— Task prompt —
Pull every line containing "degrees" from the entries.

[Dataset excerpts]
== == ==

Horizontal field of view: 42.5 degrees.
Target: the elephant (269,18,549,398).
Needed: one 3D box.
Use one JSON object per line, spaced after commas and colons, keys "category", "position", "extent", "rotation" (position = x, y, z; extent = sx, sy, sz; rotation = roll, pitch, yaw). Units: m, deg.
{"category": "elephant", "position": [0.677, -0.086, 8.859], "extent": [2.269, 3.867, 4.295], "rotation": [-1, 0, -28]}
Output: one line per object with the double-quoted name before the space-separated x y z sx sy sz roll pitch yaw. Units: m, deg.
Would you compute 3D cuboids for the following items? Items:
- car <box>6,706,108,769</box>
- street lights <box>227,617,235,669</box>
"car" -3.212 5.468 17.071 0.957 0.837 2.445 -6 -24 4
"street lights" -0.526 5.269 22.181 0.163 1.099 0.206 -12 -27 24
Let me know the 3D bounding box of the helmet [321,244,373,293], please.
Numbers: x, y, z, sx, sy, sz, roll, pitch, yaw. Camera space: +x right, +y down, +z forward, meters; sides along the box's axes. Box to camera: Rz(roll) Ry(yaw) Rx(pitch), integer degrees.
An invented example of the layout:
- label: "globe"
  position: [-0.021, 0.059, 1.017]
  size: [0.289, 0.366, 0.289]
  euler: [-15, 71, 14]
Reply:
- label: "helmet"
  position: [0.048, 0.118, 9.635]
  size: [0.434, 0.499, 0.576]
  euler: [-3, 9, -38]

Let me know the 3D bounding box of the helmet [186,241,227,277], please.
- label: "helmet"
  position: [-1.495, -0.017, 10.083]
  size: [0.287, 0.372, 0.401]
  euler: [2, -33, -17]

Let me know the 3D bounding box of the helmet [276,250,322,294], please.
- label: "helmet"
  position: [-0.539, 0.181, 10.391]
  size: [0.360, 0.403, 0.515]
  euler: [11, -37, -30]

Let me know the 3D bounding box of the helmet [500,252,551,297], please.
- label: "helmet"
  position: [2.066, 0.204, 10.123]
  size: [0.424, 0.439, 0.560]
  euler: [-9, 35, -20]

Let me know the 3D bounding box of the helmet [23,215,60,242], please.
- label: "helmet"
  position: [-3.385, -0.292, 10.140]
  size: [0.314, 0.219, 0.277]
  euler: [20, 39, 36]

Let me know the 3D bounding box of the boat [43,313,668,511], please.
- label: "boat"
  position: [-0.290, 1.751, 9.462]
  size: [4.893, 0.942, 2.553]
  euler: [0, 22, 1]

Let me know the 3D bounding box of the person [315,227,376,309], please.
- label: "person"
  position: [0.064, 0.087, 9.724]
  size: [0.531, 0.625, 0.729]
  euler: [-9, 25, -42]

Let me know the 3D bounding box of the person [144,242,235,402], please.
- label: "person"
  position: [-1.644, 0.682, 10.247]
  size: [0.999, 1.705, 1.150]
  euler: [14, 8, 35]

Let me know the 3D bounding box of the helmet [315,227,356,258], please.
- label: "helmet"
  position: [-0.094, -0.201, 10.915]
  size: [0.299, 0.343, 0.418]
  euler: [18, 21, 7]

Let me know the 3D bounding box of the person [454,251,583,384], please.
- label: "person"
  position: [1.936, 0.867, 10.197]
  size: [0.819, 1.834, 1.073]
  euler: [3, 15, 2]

== == ==

— Finished task —
Horizontal field of view: 42.5 degrees.
Numbers: x, y, z, sx, sy, sz, roll, pitch, yaw. Camera space: +x right, +y down, +z forward, meters; sides along the box's axes. Box to camera: Rz(roll) Ry(yaw) Rx(pitch), integer degrees.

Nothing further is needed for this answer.